Specific inhibition of mTORC1 improves cardiac function and reduces infarct size after ischemia/reperfusion

Myocardial infarction (MI) leads to irreversible cell death in the infarct area and to remodeling of viable myocardium in the border area due to the ischemic stress, both of which lead to scarring in the form of fibrosis. Previous studies showed that transient inhibition of the mTOR pathway can attenuate pathological remodeling of the myocardium and improve cardiac function but is associated with significant systemic off-target effects that limit clinical applicability.

The mTOR kinase forms two different complexes in cardiomyocytes, mTOR complex 1 (mTORC1) and mTOR complex 2 (mTORC2). mTORC1 is predominantly involved in the regulation of cell growth and proliferation, whereas mTORC2 is accountable for cell survival.

We used a novel mTORC1-selective inhibitor, which outperforms previously clinically used mTOR inhibitors such as Rapamycin or Everolimus in its potency and selectivity for mTORC1 over mTORC2. Since inhibition of mTORC1 and thus a shift towards protective mTORC2 signaling leads to a reduction of apoptosis in cardiomyocytes, we wanted to determine whether these properties make specific mTORC1 inhibitors more suitable for reducing infarct size than other mTOR inhibitors.

 

Efficacy, dosing and mTORC1-selectivity of mTORC1 specific inhibitors were tesed in mice, confirming the safety and high selectivity in the heart for mTORC1 over MTORC2. Multiple in vitro experiments showed its safety and baseline effects. Next, we investigated cardiac function and infarct size after ischemia/reperfusion surgery in mice and the baseline effects in vivo and in vitro.

We used an ultrasound-guided, minimally invasive approach to induce MI in mice (45min ischemia time after which reperfusion was performed). Inhibitors were administered on day 0, 1, 2 and 7 post-infarction or as a vehicle. Cardiac function was assessed at baseline and weekly post-infarction by B-mode imaging. Infarct size was measured by Masson's trichrome staining and Axioscan analysis. qPCR analyses were performed for fibrosis and heart failure markers. Immunophenotyping of cardiac lysates 48 hours after infarction was measured by FACS analysis to visualize the extent of inflammation after MI.

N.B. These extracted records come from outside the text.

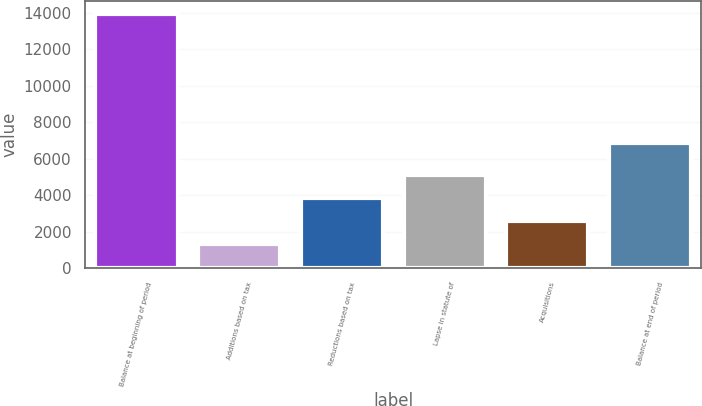Convert chart. <chart><loc_0><loc_0><loc_500><loc_500><bar_chart><fcel>Balance at beginning of period<fcel>Additions based on tax<fcel>Reductions based on tax<fcel>Lapse in statute of<fcel>Acquisitions<fcel>Balance at end of period<nl><fcel>13951<fcel>1304<fcel>3833.4<fcel>5098.1<fcel>2568.7<fcel>6859<nl></chart> 
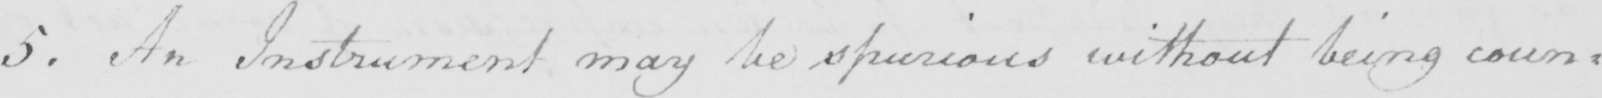Can you read and transcribe this handwriting? 5 . An Instrument may be spurious without being coun= 
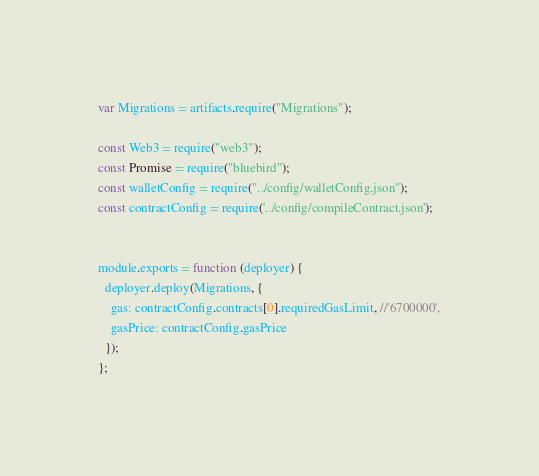<code> <loc_0><loc_0><loc_500><loc_500><_JavaScript_>var Migrations = artifacts.require("Migrations");

const Web3 = require("web3");
const Promise = require("bluebird");
const walletConfig = require("../config/walletConfig.json");
const contractConfig = require('../config/compileContract.json');


module.exports = function (deployer) {
  deployer.deploy(Migrations, {
    gas: contractConfig.contracts[0].requiredGasLimit, //'6700000',
    gasPrice: contractConfig.gasPrice
  });
};</code> 
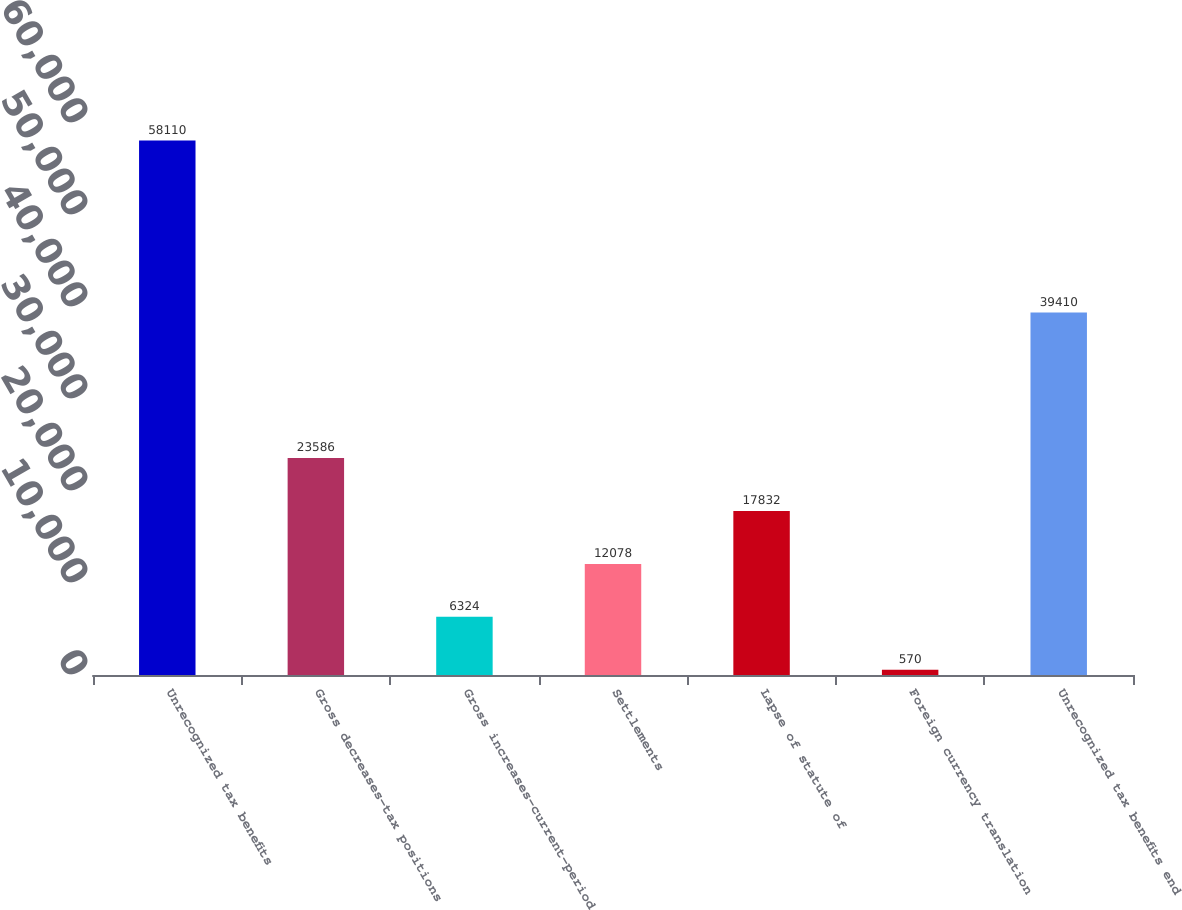<chart> <loc_0><loc_0><loc_500><loc_500><bar_chart><fcel>Unrecognized tax benefits<fcel>Gross decreases-tax positions<fcel>Gross increases-current-period<fcel>Settlements<fcel>Lapse of statute of<fcel>Foreign currency translation<fcel>Unrecognized tax benefits end<nl><fcel>58110<fcel>23586<fcel>6324<fcel>12078<fcel>17832<fcel>570<fcel>39410<nl></chart> 
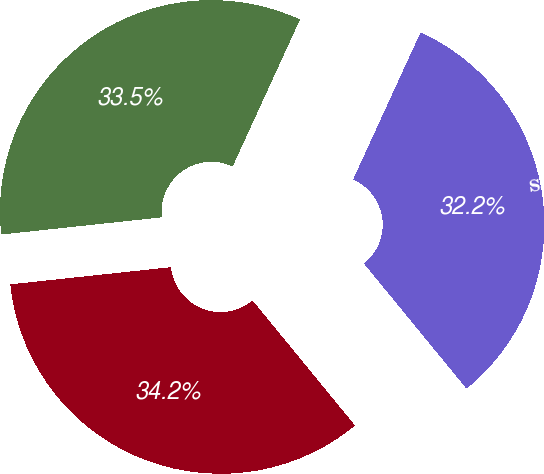<chart> <loc_0><loc_0><loc_500><loc_500><pie_chart><fcel>Zions Bancorporation<fcel>KBW Bank Index<fcel>S&P 500<nl><fcel>34.23%<fcel>33.54%<fcel>32.23%<nl></chart> 
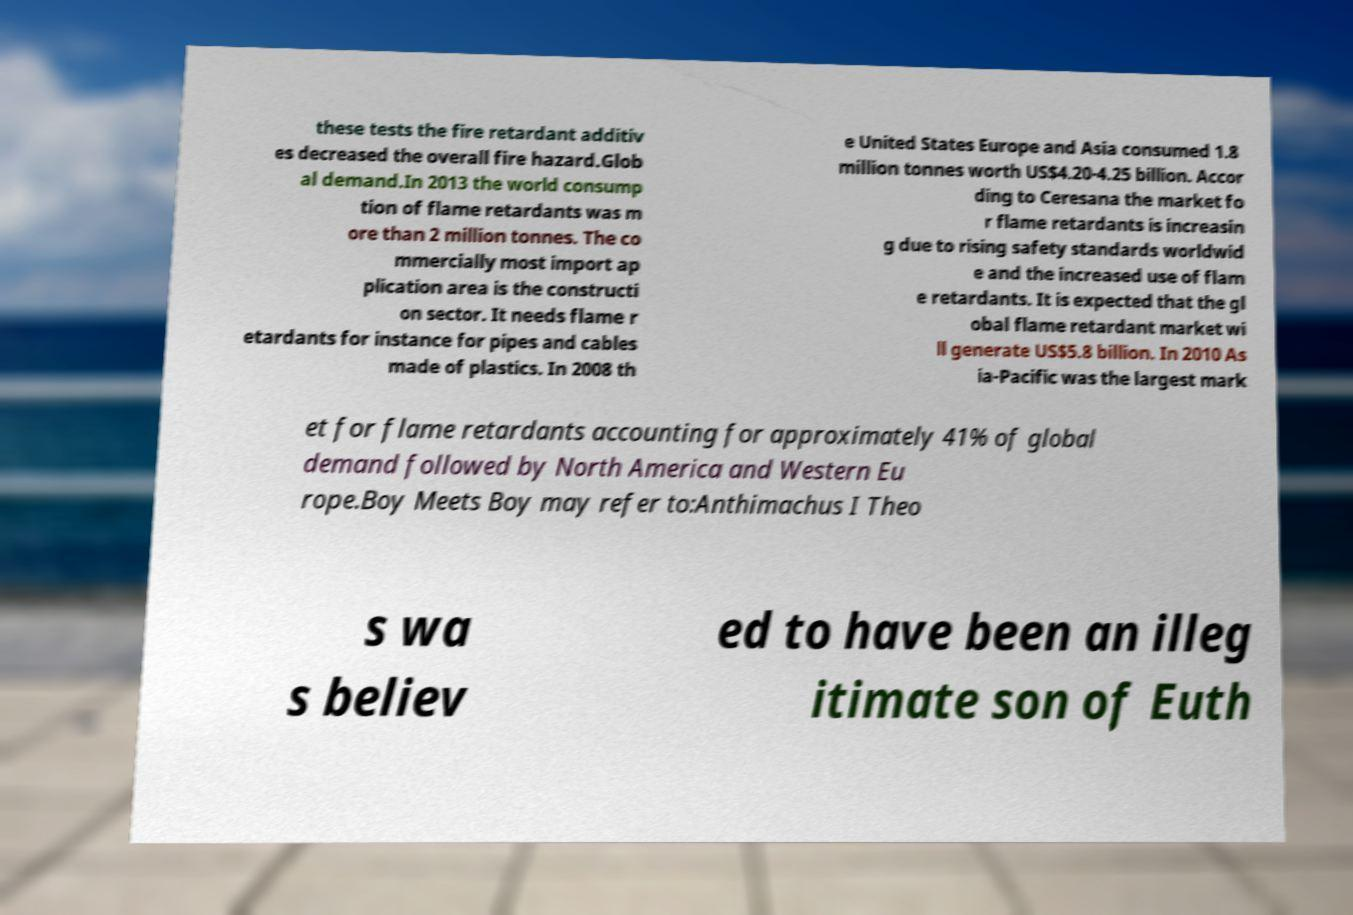For documentation purposes, I need the text within this image transcribed. Could you provide that? these tests the fire retardant additiv es decreased the overall fire hazard.Glob al demand.In 2013 the world consump tion of flame retardants was m ore than 2 million tonnes. The co mmercially most import ap plication area is the constructi on sector. It needs flame r etardants for instance for pipes and cables made of plastics. In 2008 th e United States Europe and Asia consumed 1.8 million tonnes worth US$4.20-4.25 billion. Accor ding to Ceresana the market fo r flame retardants is increasin g due to rising safety standards worldwid e and the increased use of flam e retardants. It is expected that the gl obal flame retardant market wi ll generate US$5.8 billion. In 2010 As ia-Pacific was the largest mark et for flame retardants accounting for approximately 41% of global demand followed by North America and Western Eu rope.Boy Meets Boy may refer to:Anthimachus I Theo s wa s believ ed to have been an illeg itimate son of Euth 
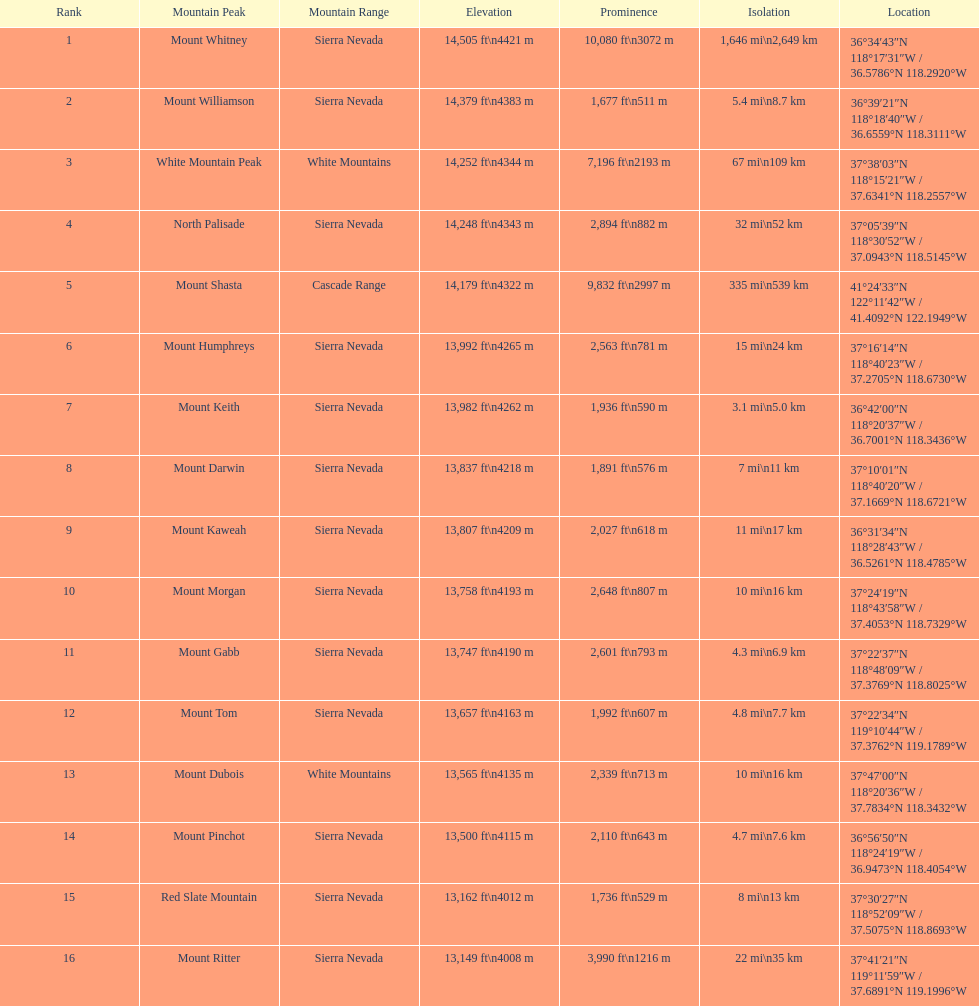In feet, what is the disparity between the highest summit and the 9th highest summit in california? 698 ft. 
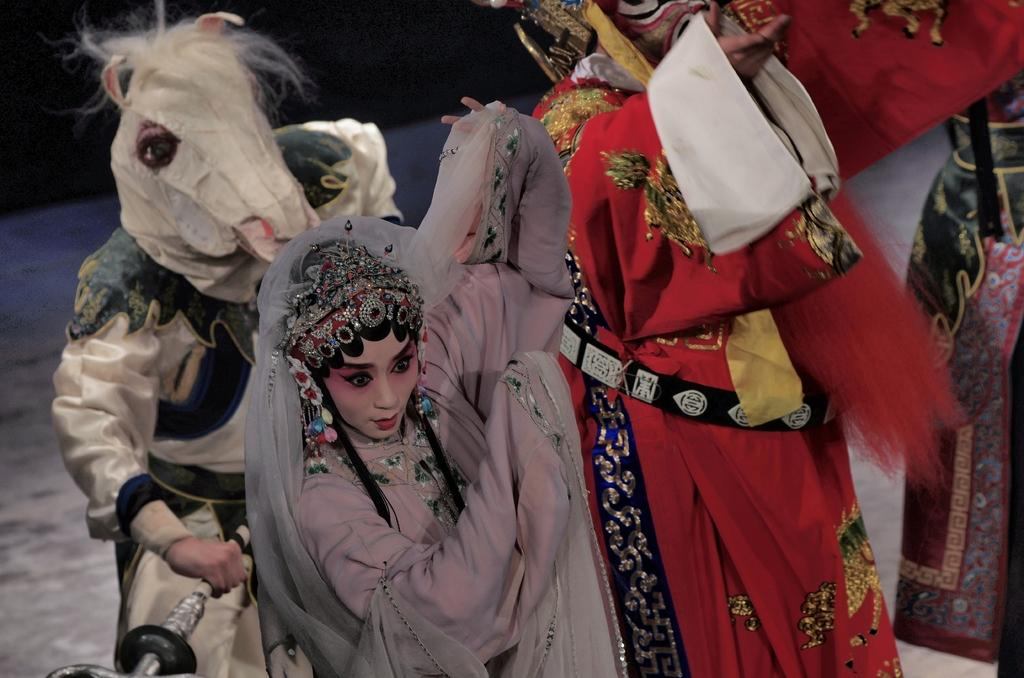What type of objects are depicted in the image? There are sculptures of persons in the image. What can be observed about the appearance of the sculptures? The sculptures have costumes on them. What type of scent can be detected from the sculptures in the image? There is no mention of a scent in the image, as it features sculptures with costumes. 
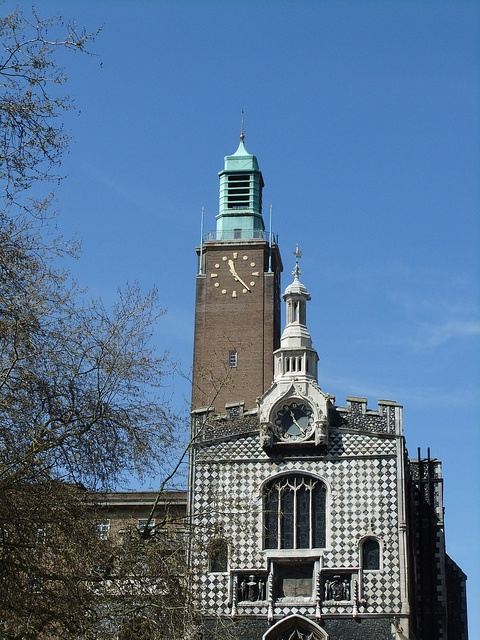Describe the objects in this image and their specific colors. I can see clock in gray and beige tones and clock in gray, black, and darkgray tones in this image. 
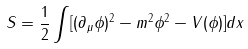Convert formula to latex. <formula><loc_0><loc_0><loc_500><loc_500>S = \frac { 1 } { 2 } \int [ ( \partial _ { \mu } \phi ) ^ { 2 } - m ^ { 2 } \phi ^ { 2 } - V ( \phi ) ] d x</formula> 
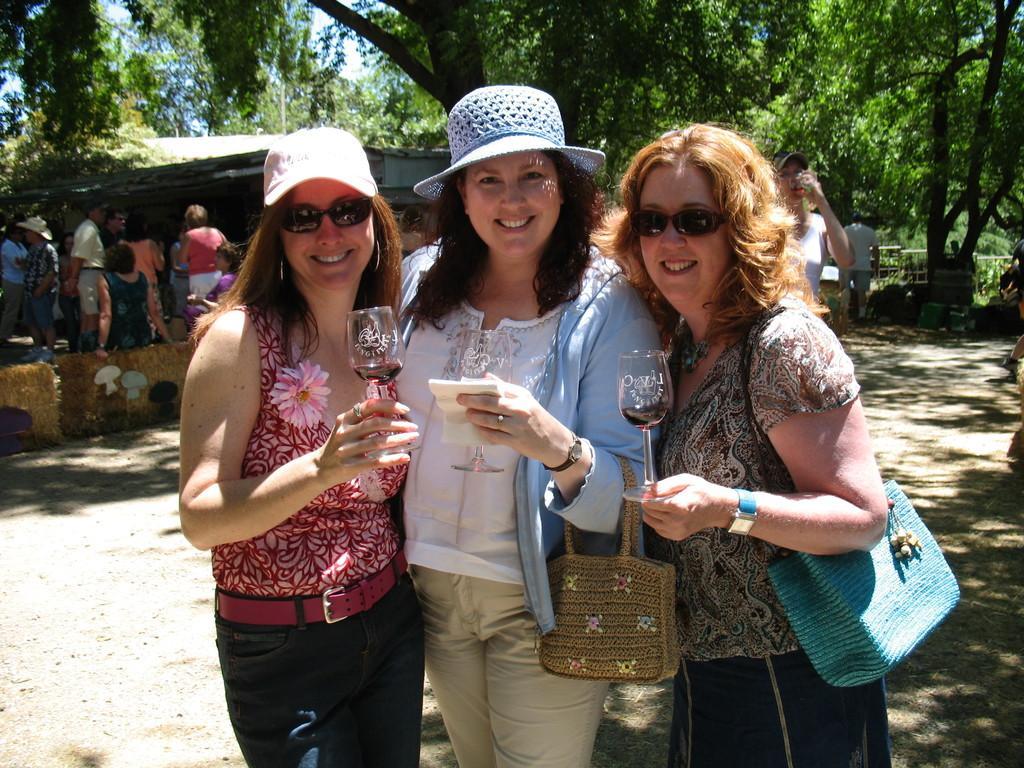Describe this image in one or two sentences. As we can see in the image there are few people here and there, trees, house and sky. The people in the front are holding glasses. 
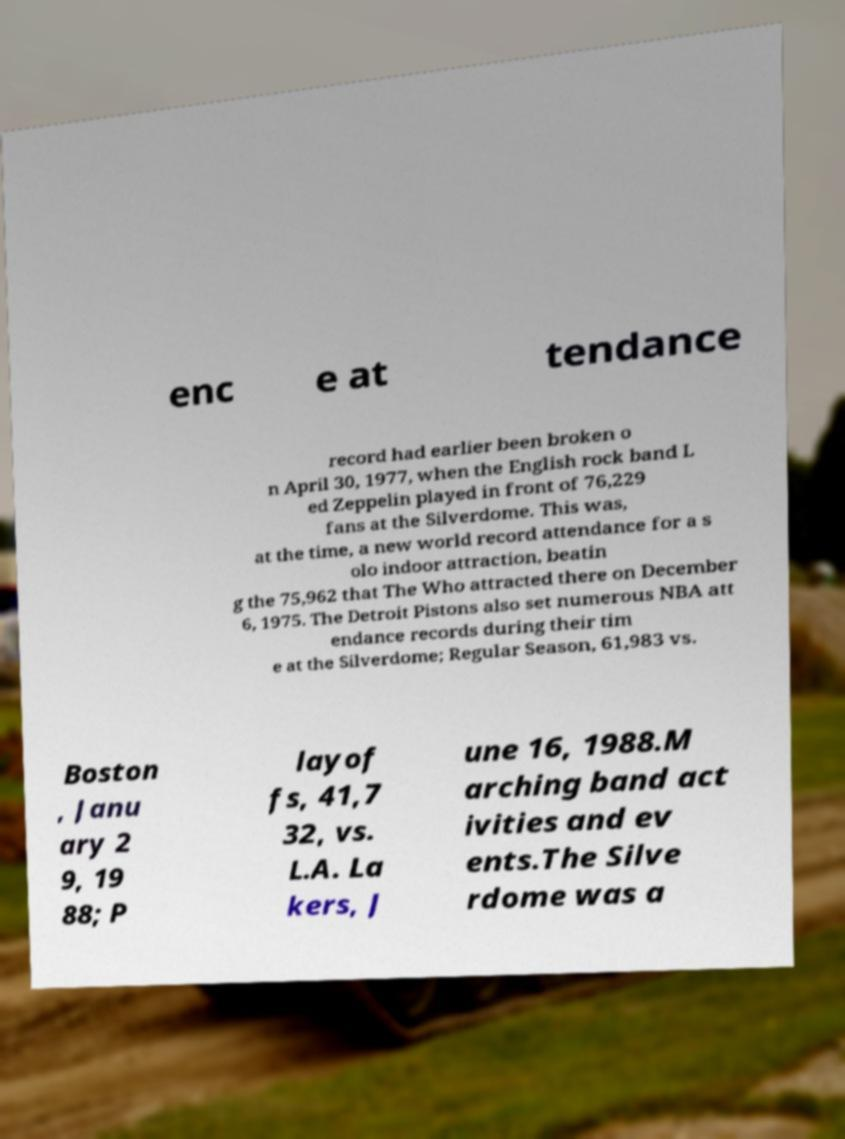Could you extract and type out the text from this image? enc e at tendance record had earlier been broken o n April 30, 1977, when the English rock band L ed Zeppelin played in front of 76,229 fans at the Silverdome. This was, at the time, a new world record attendance for a s olo indoor attraction, beatin g the 75,962 that The Who attracted there on December 6, 1975. The Detroit Pistons also set numerous NBA att endance records during their tim e at the Silverdome; Regular Season, 61,983 vs. Boston , Janu ary 2 9, 19 88; P layof fs, 41,7 32, vs. L.A. La kers, J une 16, 1988.M arching band act ivities and ev ents.The Silve rdome was a

After ischemia/reperfusion, the mTORC1 inhibition caused improved cardiac function than the control group. Histologic staining of the left ventricle and reduction of Col1A and NT-proBNP detected by qPCR analysis showed a decrease in infarct size after mTORC1 inhibition. The inflammatory response determined by FACS analysis was reduced with regard to the migration of leukocytes (neutrophils, monocytes/macrophages) into the tissue after mTORC1 inhibition. FACS apoptosis assay showed the safety on neonatal rat cardiomyocytes (NRCMs) and cardiomyocyte contractility assessed with the IonOptix CytoCypher MultiCell Throughput System showed no change in isolated adult rat cardiomyocytes under normal conditions and upon adrenergic stimulation with isoprenaline.

In addition, anti-remodeling properties of mTORC1 inhibitors were demonstrated as it was shown to be effective in preventing phenylephrine-induced hypertrophy in NRCMs as measured by the IN Cell Analyzer. 

 

Selective mTORC1 inhibition results in reduced infarct size in mice after ischemia/reperfusion, improves cardiac function and reduced cardiac inflammation.